Remember, furthermore, that any such organism exists only in periods of its own manvantara; for manvantara is a word which we may by analogy employ for both the great and the small. There may be a manvantara of a universe as well as a manvantara of an aggregate of universes; nor does any such universe, nor does any such aggregate of universes, necessarily have its period of manvantara or its period of pralaya contemporaneously with all other aggregate bodies.
Let us be cautious about this. When we speak of “universal manvantara” we mean the manvantara of our own cosmic aggregate; but another universe may be in pralaya while we are in manvantara; many other universes may be in pralaya, or in manvantara, while we may be conversely in manvantara or pralaya.

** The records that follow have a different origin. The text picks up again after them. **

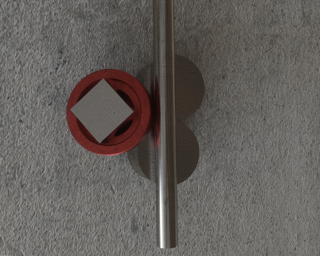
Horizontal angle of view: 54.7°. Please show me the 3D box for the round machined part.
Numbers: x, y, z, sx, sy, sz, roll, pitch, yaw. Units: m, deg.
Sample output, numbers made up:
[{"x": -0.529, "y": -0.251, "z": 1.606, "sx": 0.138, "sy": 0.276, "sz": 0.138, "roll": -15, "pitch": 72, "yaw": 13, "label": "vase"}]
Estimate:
[{"x": -0.055, "y": -0.017, "z": 0.367, "sx": 0.098, "sy": 0.042, "sz": 0.097, "roll": 0, "pitch": 88, "yaw": 9, "label": "round machined part"}]

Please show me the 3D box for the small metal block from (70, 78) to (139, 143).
[{"x": -0.061, "y": -0.018, "z": 0.345, "sx": 0.050, "sy": 0.025, "sz": 0.050, "roll": -43, "pitch": 82, "yaw": 4, "label": "small metal block"}]

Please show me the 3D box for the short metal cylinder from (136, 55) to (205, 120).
[{"x": 0.010, "y": -0.050, "z": 0.401, "sx": 0.081, "sy": 0.050, "sz": 0.079, "roll": 0, "pitch": 90, "yaw": -20, "label": "short metal cylinder"}]

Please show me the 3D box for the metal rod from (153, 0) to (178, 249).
[{"x": 0.006, "y": -0.014, "z": 0.360, "sx": 0.025, "sy": 0.025, "sz": 0.298, "roll": -1, "pitch": 90, "yaw": -20, "label": "metal rod"}]

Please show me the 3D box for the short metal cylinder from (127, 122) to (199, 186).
[{"x": 0.003, "y": 0.030, "z": 0.398, "sx": 0.081, "sy": 0.050, "sz": 0.080, "roll": 0, "pitch": 89, "yaw": -20, "label": "short metal cylinder"}]

Let us be watchful over our thoughts, keeping close guard over our minds, for in this manner we shall never allow our minds to crystallize into a mere succession of phrases and thus make of the thought a dogma. We learn much by thus watching ourselves and by thus studying ourselves, and by reaching ever inwards into our own spiritual natures, guided by the teaching which the Masters have given to us; and the essence, or, so to say, the keynote of all these teachings is that the way to light and to life and to peace and to bliss and to understanding is within ourselves; and we obtain these wonderful things by reaching or striving ever farther inwards, inwards, inwards, endlessly. For the farther we reach into ourselves, so to say, the farther we follow that pathway leading inwards, the more we become conscious of still greater things, still wider visions, and the pathway thus followed becomes space itself.

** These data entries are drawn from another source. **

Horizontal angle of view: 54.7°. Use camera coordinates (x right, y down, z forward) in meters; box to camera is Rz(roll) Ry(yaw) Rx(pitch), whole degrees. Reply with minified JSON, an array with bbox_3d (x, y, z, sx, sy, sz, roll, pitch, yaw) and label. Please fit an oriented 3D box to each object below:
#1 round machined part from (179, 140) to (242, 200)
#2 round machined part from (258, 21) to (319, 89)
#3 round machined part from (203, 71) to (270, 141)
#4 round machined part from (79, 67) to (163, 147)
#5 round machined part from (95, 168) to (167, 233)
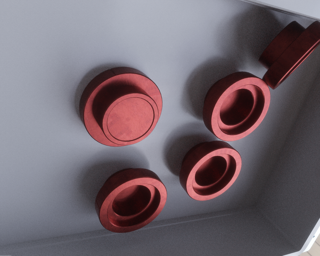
[{"bbox_3d":[0.073,0.060,0.477,0.099,0.042,0.097,-14,125,-21],"label":"round machined part"},{"bbox_3d":[0.170,-0.101,0.410,0.098,0.042,0.098,-42,167,-12],"label":"round machined part"},{"bbox_3d":[0.102,-0.033,0.435,0.099,0.042,0.097,-14,125,-21],"label":"round machined part"},{"bbox_3d":[-0.041,-0.019,0.365,0.099,0.042,0.097,-14,125,-21],"label":"round machined part"},{"bbox_3d":[-0.043,0.096,0.435,0.099,0.042,0.097,-14,125,-21],"label":"round machined part"}]

Is this pathway a different path from that which leadeth outwards, outwards, outwards, still farther outwards to spaces and cosmoi which we can intuitively sense as existing beyond the boundaries of our own universe? No, it is the same path, exactly the same path; it is only our mind of matter, in which we of necessity must work in this our present period of evolution, that conceives of the mysteries of consciousness as occupying space, or as following lines of directional expansion. All these things exist in our consciousness, not along any material directions; it is consciousness which understandeth, and consciousness is neither forwards nor backwards, nor to the right nor to the left, nor up nor down, but is. It is all things at all times, and because it is everywhere, it is nowhere in particular.
Where then abides this consciousness which is in each one of us? It is within, it is found by reaching inwards; it is the great searching, the great quest; it is the seeking the light; it is likewise the finding it; it is seeking the life; it is the finding of it. This consciousness should be sought for by turning inwards therefore; yet when we say that the path is inwards, it is, after all, but a figure of speech; it is a manner of verbal expression, in order to convey an idea, and we must not let our minds crystallize around a mere figure of speech.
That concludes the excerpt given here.